Additionally, self-reported measurements of social media use are limited.78 We followed best practice recommendations in social media use measurement; however, there remain inherent limitations regarding how accurately people recall and report social media use which undoubtedly affect our results. To compensate for this limitation, we adopted a conservative approach in including all of the social media platforms in the same model, essentially controlling for use of all social media when estimating the OR of any single platform. As a result, non-significant findings for misinformation on Facebook, for example, should not be interpreted as suggesting such information does not exist on Facebook, but rather that Reddit, YouTube and Twitter, which were significant, are of higher priority with regards to the dissemination of such information among this demographic. Future research using unobtrusive measures like logs from big data sources are needed.
Public understanding of the health impact of nicotine is currently mired by uncertainty. Although there is currently no significant evidence supporting therapeutic benefits of nicotine use, misinformation ostensibly backed by ‘science’ is being disseminated on social media and potentially facilitating good will towards the tobacco industry. In light of a long-documented history of interfering in the scientific process and disseminating misinformation about its products, the role of the tobacco industry in disseminating this information merits close monitoring, significant countering messaging and proactive inoculation against potentially harmful narratives.
Data availability statement
Data are available upon reasonable request. Data used in this study are housed at Truth Initiative and are not publicly available. Any inquiries can be directed to NAS.
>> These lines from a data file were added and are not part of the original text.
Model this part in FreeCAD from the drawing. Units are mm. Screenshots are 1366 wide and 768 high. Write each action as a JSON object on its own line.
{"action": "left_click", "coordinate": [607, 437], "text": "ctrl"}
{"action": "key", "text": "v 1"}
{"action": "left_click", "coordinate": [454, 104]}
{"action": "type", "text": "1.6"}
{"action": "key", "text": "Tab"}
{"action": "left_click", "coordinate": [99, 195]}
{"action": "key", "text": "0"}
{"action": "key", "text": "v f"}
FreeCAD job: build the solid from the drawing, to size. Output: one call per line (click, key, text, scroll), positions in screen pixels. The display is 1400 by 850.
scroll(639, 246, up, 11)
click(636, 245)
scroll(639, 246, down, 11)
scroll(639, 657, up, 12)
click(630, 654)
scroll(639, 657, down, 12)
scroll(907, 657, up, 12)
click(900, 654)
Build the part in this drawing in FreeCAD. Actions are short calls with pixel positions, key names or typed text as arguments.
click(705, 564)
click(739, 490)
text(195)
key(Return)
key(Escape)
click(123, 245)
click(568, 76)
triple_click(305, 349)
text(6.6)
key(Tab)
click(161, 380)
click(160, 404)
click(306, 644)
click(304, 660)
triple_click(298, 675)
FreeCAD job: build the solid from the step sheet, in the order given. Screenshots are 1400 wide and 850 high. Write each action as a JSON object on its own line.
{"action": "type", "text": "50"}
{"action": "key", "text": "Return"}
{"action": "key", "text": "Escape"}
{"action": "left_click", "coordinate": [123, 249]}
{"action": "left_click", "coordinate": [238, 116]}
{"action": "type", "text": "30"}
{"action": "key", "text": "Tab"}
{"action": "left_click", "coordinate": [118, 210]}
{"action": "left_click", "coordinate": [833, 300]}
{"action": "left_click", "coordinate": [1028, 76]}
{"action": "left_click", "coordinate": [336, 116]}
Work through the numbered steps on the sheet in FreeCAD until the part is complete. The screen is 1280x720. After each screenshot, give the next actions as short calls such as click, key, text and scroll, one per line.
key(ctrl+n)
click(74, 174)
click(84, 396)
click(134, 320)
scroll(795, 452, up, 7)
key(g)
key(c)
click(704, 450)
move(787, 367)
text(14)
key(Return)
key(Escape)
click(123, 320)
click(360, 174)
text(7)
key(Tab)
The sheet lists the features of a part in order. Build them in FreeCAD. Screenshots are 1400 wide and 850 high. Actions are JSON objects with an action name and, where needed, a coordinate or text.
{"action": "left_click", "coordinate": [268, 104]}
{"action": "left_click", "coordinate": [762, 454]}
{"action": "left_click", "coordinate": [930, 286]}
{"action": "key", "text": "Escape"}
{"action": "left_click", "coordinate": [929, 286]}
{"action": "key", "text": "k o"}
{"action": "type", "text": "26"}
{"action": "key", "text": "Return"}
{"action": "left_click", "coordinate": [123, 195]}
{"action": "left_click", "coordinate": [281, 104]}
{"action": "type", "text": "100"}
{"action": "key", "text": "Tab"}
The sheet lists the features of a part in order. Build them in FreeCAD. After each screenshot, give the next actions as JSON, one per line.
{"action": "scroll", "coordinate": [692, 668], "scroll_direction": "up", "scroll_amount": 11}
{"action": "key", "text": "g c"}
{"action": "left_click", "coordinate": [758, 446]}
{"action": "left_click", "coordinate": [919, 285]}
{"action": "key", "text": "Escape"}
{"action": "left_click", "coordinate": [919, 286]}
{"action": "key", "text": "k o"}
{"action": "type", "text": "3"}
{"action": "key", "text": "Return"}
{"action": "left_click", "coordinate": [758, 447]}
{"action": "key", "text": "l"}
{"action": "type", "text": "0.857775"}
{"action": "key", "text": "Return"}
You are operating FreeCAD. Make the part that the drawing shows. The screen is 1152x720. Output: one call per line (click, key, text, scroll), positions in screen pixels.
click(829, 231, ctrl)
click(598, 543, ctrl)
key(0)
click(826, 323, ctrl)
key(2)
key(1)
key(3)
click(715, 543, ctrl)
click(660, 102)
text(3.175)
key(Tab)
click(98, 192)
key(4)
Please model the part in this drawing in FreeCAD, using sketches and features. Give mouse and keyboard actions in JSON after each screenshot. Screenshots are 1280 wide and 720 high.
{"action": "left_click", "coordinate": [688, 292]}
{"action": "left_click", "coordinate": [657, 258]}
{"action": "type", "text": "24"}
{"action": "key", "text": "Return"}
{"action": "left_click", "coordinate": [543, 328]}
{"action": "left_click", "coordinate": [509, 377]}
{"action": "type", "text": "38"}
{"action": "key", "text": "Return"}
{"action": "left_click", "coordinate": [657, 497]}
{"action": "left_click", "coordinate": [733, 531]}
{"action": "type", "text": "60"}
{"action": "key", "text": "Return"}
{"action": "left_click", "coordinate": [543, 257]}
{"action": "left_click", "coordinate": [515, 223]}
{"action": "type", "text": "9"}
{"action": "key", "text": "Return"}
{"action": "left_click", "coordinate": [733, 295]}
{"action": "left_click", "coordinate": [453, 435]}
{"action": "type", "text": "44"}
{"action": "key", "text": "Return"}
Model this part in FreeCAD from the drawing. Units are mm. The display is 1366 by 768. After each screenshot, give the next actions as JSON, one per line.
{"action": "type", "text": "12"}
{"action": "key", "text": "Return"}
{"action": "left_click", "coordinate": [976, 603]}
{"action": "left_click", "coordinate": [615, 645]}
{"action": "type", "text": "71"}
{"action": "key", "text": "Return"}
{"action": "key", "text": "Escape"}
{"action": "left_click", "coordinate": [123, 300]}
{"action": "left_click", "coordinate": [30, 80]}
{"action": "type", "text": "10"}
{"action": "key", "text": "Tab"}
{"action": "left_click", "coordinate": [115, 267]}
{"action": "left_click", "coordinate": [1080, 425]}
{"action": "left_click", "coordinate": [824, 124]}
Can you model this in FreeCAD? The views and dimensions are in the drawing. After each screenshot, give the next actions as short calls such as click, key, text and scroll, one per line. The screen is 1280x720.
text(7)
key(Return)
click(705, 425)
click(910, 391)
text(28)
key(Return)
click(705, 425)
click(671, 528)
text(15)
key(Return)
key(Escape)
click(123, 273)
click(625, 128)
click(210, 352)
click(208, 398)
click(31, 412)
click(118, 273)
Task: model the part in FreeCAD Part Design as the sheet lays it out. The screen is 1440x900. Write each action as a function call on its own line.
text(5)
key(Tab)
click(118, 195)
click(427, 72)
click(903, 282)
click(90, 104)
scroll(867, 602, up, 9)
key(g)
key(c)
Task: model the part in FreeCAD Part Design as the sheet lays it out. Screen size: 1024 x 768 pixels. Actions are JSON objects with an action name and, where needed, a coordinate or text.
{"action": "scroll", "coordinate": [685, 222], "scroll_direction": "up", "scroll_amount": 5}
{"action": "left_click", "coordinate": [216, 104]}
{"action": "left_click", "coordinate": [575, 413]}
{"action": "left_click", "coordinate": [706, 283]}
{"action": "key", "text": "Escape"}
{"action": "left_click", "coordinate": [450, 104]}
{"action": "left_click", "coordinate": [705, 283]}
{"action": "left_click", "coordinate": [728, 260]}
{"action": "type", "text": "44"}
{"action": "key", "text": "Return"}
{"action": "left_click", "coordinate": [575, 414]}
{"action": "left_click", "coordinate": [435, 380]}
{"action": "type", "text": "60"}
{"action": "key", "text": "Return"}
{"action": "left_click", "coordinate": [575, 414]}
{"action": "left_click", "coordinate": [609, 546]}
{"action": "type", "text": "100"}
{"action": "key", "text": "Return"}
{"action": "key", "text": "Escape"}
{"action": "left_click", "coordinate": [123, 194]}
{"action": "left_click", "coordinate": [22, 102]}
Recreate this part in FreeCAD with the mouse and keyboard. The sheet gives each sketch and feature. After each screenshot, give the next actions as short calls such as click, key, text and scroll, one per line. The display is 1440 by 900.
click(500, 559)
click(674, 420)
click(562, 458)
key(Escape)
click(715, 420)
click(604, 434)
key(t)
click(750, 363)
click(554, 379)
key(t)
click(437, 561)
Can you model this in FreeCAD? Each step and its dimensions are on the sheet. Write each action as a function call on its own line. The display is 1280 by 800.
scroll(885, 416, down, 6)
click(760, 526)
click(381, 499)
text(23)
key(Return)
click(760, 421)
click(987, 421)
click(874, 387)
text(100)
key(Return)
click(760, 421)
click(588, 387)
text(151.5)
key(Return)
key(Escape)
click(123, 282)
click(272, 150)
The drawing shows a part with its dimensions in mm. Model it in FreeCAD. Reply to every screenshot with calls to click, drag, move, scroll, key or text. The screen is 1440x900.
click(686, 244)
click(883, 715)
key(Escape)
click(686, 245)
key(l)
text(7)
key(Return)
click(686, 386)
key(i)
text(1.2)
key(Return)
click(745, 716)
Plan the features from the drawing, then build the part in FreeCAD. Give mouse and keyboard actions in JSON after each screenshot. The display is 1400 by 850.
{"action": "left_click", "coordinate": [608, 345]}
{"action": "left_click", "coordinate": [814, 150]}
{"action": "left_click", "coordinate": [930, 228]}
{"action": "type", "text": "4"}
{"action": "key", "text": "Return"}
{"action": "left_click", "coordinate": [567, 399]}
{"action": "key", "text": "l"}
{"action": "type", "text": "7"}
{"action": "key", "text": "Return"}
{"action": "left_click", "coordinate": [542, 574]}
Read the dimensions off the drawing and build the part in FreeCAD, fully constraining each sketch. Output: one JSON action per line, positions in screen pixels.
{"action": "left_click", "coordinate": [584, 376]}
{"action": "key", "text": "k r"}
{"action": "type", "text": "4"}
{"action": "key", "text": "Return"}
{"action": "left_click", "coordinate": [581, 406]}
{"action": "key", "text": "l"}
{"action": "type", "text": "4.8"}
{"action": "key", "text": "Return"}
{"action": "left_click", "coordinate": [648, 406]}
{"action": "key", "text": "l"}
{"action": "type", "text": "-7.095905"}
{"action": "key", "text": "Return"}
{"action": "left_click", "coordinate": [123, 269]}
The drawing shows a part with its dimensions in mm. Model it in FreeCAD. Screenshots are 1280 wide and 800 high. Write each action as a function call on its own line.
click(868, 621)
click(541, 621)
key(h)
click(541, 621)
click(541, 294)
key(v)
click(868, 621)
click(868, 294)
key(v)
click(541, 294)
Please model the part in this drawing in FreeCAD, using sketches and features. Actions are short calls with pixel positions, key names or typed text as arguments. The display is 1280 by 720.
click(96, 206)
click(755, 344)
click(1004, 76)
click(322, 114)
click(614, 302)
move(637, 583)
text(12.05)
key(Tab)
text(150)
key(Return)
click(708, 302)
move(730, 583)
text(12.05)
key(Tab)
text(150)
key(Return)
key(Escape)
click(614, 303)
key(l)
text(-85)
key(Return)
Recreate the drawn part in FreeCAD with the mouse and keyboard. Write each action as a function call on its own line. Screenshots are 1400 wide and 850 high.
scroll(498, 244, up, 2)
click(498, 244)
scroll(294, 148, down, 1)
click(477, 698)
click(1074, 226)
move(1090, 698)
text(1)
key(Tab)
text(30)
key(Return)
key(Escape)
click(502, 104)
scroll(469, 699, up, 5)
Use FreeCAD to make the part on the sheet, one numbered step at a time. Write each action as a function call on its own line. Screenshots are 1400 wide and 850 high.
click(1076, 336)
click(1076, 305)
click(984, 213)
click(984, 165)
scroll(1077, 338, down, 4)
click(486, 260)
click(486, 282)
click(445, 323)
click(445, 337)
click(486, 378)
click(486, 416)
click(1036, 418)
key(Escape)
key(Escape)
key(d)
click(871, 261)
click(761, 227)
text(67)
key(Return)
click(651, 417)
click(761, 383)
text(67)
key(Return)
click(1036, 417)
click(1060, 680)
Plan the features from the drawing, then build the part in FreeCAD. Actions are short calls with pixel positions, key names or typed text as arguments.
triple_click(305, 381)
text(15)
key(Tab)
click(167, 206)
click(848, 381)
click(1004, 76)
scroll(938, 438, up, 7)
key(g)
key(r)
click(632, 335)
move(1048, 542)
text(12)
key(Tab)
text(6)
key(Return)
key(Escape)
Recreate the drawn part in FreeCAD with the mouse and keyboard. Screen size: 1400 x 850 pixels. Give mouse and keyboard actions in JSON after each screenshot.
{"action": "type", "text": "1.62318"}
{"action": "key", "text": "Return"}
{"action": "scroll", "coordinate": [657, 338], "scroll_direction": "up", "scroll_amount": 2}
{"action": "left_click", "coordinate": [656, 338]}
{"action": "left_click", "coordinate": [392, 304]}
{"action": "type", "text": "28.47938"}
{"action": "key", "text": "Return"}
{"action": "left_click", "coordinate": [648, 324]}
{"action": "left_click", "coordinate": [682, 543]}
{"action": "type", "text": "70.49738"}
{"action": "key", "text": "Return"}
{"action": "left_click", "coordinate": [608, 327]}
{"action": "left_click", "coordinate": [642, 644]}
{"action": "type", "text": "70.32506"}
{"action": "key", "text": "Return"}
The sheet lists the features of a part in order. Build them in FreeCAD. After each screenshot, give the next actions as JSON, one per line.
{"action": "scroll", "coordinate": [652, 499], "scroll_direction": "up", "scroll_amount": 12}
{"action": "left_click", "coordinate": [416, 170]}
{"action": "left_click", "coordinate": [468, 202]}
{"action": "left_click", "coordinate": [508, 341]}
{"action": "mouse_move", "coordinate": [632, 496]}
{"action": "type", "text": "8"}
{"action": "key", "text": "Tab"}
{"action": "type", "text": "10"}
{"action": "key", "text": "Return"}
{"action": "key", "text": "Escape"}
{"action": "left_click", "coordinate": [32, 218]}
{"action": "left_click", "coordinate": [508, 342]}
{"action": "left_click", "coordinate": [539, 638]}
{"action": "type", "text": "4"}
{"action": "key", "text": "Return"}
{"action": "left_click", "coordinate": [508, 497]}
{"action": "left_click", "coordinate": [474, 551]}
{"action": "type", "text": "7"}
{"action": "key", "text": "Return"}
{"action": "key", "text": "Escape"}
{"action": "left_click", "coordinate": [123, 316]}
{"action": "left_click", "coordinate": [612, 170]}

Patient consent for publication
This study involves human participants but was determined exempt from review by a private review board, Advarra IRB (Pro00053405), as the research was conducted at a non-profit organisation unaffiliated with an institution. The study was determined exempt in accordance with the Department of Health and Human Services regulations found at 45 CFR 46.104(d)(2). The information collected from these adult participants could not be used to personally identify them or present an undue risk by way of their responses. Participants gave informed consent to participate in the study before taking part.
Contributors NAS conceptualised the project with guidance and oversight from BS. Authors NAS and ECK developed the survey instrument. NAS completed the analysis. NAS developed the manuscript with assistance from ECK, JB and BS. BS is the senior author and guarantor. All coauthors reviewed and revised the final draft.
Funding The authors have not declared a specific grant for this research from any funding agency in the public, commercial or not-for-profit sectors.
Competing interests None declared.
Patient and public involvement Patients and/or the public were not involved in the design, or conduct, or reporting, or dissemination plans of this research.
Provenance and peer review Not commissioned; externally peer reviewed.